The two ways of handling you describe are not how I would actually handle any of this in real situations.

Getters and setters meanwhile allow you to do things like recalculate internal state whenever you call setX() or setR() to amortize computational costs or do any other kind of change tracking without having to rely on some more language-specific feature to do so. Plus getters and setters work across network boundaries unlike modifying state directly.


Point 2) feels very weak. You could easily have getR and getTheta, but critically you could also always have had them - if they make sense as APIs, and your state is encapsulated, you can expose them at any time.

The benefit of having getters is that API consumers don’t privilege public state above any other API component, because they don’t know what’s actually the real state and what’s just under contract.


Given your Coord example, can you come up with a better OO version than the article's advice of "can I make it immutable"?

The immutable version would let you have all four fields. A setter on any of the 4 items (should you desire it) will return a new object whose four fields remain consistent with one another.


...and how precise do the switches between coordinate systems have to be? depending on your format for floats, you will land on areas that are only expressible with perfect precision in one or the other coordinate system. I can imagine a fixed point that moves around by being repeatedly queried in one or the other system.


Point object could be either, since the coordinate systems are truly interchangeable, e.g. the class could just store everything as Cartesian internally and convert to/from polar as needed. In a class with more mutually exclusive properties I can see how this wouldn’t work so well.

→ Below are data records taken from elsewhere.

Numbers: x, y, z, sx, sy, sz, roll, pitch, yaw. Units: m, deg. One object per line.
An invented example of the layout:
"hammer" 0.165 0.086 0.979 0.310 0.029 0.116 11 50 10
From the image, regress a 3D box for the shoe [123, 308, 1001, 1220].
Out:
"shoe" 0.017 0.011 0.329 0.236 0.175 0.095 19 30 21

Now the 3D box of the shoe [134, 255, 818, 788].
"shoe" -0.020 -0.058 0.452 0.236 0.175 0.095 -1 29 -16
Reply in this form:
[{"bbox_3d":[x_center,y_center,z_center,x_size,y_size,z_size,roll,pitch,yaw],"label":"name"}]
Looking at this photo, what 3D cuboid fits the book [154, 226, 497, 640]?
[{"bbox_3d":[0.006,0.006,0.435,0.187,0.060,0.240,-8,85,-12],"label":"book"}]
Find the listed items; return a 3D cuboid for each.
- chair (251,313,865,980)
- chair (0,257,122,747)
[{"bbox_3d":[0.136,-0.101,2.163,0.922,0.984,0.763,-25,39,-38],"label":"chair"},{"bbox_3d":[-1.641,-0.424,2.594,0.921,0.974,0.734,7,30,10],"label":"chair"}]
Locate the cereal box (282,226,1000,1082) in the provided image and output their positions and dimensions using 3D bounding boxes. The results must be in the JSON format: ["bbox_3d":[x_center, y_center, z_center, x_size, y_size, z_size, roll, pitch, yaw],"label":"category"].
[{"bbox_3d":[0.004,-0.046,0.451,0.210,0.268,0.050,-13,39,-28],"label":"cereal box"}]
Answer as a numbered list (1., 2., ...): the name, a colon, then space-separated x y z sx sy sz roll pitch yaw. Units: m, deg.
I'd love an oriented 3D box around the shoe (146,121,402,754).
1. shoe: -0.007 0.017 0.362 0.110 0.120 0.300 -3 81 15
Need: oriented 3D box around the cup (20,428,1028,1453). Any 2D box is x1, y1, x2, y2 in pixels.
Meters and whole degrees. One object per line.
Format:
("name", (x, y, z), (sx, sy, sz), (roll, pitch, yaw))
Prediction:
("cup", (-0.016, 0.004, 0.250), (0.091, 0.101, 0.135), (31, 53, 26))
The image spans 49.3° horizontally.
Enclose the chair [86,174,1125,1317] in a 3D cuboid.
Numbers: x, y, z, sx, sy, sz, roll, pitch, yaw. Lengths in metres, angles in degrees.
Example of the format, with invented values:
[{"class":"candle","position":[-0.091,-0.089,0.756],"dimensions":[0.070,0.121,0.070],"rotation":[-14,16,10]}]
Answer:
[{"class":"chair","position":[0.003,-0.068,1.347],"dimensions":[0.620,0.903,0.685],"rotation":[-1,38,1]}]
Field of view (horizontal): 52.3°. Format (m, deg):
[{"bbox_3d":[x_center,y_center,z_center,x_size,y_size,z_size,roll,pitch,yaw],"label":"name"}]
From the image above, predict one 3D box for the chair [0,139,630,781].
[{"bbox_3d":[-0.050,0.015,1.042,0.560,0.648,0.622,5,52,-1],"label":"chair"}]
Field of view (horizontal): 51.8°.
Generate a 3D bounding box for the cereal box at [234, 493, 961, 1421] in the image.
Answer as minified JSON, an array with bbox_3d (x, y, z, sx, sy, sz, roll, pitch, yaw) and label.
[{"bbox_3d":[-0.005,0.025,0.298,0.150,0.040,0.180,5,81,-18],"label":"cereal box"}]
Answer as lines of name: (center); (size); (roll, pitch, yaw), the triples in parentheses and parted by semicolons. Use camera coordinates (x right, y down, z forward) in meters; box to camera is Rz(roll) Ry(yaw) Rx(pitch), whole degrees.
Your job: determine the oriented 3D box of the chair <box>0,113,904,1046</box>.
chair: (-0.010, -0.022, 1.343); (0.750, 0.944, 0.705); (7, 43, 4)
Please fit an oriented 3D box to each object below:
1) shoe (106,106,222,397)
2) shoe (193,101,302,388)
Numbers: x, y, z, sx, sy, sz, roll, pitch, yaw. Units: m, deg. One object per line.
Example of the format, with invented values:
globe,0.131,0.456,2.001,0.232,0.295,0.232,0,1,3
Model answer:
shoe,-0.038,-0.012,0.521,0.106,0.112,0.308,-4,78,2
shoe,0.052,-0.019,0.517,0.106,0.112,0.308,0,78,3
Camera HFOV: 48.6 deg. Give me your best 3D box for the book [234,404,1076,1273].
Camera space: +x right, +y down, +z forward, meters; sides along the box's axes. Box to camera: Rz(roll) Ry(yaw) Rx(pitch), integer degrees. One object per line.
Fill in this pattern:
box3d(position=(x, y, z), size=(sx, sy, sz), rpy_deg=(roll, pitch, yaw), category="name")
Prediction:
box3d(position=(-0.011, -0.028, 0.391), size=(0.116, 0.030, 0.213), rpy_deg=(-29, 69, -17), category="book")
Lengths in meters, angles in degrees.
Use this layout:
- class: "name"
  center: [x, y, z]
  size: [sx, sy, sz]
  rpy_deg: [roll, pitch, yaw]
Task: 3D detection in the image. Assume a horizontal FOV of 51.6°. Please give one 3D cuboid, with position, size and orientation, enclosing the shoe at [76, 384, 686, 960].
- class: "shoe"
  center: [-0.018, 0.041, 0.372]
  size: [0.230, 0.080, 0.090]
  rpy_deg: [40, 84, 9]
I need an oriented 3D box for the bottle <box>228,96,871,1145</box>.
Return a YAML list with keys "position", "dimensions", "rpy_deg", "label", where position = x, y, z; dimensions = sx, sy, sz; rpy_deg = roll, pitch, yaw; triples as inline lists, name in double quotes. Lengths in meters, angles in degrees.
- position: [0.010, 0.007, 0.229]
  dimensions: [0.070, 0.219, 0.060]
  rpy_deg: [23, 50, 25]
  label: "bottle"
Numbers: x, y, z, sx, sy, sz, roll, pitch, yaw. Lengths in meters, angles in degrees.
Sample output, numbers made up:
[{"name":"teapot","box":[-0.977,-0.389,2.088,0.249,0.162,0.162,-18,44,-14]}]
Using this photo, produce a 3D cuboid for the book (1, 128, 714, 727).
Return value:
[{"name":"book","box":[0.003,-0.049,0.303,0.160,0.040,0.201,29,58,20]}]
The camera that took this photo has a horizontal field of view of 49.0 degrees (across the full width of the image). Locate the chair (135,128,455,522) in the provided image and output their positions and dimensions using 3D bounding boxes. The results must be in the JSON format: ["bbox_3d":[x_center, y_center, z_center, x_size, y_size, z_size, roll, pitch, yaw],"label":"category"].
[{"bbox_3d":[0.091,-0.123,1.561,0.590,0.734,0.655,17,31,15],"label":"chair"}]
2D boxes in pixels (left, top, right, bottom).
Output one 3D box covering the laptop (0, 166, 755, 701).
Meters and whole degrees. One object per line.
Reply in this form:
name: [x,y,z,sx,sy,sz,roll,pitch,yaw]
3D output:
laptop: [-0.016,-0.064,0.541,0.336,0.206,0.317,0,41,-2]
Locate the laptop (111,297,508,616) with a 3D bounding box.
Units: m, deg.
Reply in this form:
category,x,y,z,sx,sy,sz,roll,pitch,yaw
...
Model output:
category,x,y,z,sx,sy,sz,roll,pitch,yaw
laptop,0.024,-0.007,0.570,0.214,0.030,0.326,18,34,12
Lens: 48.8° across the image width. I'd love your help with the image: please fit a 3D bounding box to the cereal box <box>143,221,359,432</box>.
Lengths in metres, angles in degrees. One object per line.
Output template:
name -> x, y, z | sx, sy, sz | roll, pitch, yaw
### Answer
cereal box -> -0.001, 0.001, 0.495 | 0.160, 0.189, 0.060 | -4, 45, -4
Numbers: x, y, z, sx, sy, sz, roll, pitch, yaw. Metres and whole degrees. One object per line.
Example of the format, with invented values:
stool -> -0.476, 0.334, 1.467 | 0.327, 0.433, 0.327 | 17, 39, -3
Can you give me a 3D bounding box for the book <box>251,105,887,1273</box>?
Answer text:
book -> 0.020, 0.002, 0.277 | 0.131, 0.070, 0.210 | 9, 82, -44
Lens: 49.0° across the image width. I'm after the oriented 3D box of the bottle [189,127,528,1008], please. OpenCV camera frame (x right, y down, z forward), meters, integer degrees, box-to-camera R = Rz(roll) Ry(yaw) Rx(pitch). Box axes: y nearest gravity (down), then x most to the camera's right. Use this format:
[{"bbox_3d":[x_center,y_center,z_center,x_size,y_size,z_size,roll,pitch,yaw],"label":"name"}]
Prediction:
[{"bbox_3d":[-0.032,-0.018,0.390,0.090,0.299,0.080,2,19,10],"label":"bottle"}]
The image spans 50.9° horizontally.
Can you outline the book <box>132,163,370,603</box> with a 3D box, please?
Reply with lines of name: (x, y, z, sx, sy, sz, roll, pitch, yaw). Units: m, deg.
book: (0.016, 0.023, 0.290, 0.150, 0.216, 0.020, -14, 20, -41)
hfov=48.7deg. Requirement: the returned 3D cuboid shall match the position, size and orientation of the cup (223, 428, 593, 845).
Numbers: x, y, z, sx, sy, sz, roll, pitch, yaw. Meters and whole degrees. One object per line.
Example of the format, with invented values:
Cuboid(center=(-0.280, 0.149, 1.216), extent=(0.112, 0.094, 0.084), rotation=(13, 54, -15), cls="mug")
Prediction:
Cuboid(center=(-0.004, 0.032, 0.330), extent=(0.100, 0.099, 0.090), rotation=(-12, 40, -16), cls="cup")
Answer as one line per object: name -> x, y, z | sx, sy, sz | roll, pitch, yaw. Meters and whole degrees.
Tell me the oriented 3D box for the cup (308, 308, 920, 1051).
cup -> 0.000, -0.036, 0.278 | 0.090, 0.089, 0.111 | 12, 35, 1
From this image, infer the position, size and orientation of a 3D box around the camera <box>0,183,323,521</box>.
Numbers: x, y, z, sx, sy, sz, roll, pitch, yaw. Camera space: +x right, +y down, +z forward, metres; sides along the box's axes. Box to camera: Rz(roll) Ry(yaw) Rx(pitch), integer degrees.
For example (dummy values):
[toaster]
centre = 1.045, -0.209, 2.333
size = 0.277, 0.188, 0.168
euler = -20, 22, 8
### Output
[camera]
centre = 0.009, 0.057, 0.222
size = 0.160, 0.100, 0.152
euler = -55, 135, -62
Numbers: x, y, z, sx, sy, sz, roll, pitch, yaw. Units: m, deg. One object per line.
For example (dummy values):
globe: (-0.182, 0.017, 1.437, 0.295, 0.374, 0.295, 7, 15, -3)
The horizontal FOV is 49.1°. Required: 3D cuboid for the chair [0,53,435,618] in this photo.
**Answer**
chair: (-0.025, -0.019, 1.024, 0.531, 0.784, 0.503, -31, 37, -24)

To answer a few sibling responses:

The point is that mechanically maintaining get/set methods for each field is completely at odds with encapsulation. To continue the example, sure, go ahead, have any or all of get/setX, get/setY, get/setR, get/setTheta if they make sense for your application. But writing them just because you've created a field, and the coding standards say they should be there is dumb. The coding standards that say this (like JavaBeans) may have their reasons, but OO ain't it.